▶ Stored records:

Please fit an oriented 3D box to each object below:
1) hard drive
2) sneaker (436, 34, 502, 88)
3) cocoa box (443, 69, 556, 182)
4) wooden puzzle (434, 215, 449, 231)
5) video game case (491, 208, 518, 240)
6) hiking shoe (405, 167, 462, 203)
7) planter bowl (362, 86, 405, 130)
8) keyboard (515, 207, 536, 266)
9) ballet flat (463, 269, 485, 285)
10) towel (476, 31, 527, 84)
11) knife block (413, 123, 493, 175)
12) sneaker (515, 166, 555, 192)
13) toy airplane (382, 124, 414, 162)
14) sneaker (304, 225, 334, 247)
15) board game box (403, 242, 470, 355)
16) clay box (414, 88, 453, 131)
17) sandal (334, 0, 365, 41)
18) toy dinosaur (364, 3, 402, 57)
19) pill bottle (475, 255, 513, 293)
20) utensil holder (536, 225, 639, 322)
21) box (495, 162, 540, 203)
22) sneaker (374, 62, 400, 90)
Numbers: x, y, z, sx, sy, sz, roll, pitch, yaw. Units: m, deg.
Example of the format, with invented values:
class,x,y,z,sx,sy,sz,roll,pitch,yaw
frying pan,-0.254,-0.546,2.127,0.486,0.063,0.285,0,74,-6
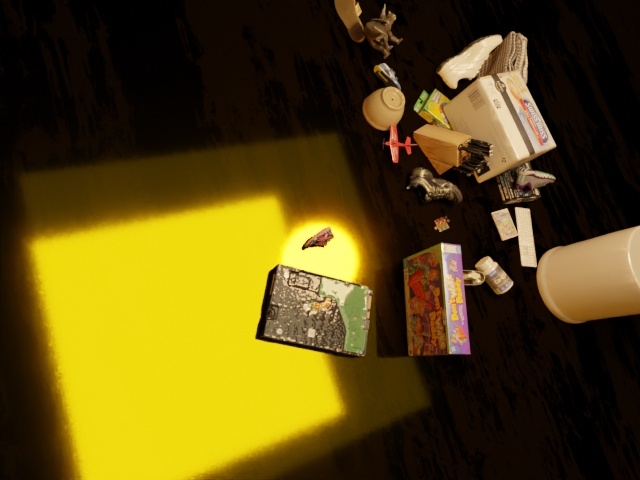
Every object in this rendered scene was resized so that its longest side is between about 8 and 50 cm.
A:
class,x,y,z,sx,sy,sz,roll,pitch,yaw
hard drive,-0.006,0.227,1.417,0.339,0.064,0.236,15,70,-16
sneaker,0.650,-0.773,1.913,0.297,0.111,0.129,-33,105,11
cocoa box,0.697,-0.447,1.744,0.228,0.231,0.347,-20,83,-26
wooden puzzle,0.471,-0.063,1.722,0.083,0.006,0.049,-20,83,-25
video game case,0.762,-0.067,1.836,0.087,0.011,0.122,-15,80,-24
hiking shoe,0.436,-0.184,1.714,0.227,0.086,0.114,27,80,-6
planter bowl,0.258,-0.524,1.718,0.162,0.109,0.162,6,72,-19
keyboard,0.859,-0.015,1.858,0.072,0.014,0.255,7,72,-20
ballet flat,0.516,0.134,1.648,0.213,0.068,0.072,2,74,-21
towel,0.777,-0.724,1.915,0.121,0.235,0.283,15,69,-9
knife block,0.516,-0.367,1.699,0.088,0.242,0.275,-34,88,-27
sneaker,0.892,-0.246,1.864,0.224,0.083,0.098,5,108,-31
toy airplane,0.307,-0.378,1.736,0.151,0.028,0.151,1,87,-20
sneaker,0.000,0.000,1.501,0.119,0.047,0.057,-33,100,-25
board game box,0.378,0.205,1.481,0.078,0.233,0.346,6,72,-20
clay box,0.505,-0.531,1.848,0.222,0.053,0.127,35,65,-10
sandal,0.132,-0.923,1.819,0.079,0.088,0.239,-21,90,-57
toy dinosaur,0.229,-0.818,1.771,0.160,0.121,0.313,44,43,-4
pill bottle,0.663,0.132,1.701,0.137,0.078,0.078,48,64,-2
utensil holder,1.109,0.139,1.706,0.328,0.385,0.327,6,73,-21
box,0.833,-0.272,1.903,0.175,0.051,0.220,-8,78,-24
sneaker,0.283,-0.662,1.800,0.059,0.053,0.144,-40,93,-28

▶ PROBLEM REQUIREMENTS: Go through the entries above and report every line in which the word "object" appears.

▶ EXPECTED OUTPUT:
Please fit an oriented 3D box to each object below:
Every object in this rendered scene was resized so that its longest side is between about 8 and 50 cm.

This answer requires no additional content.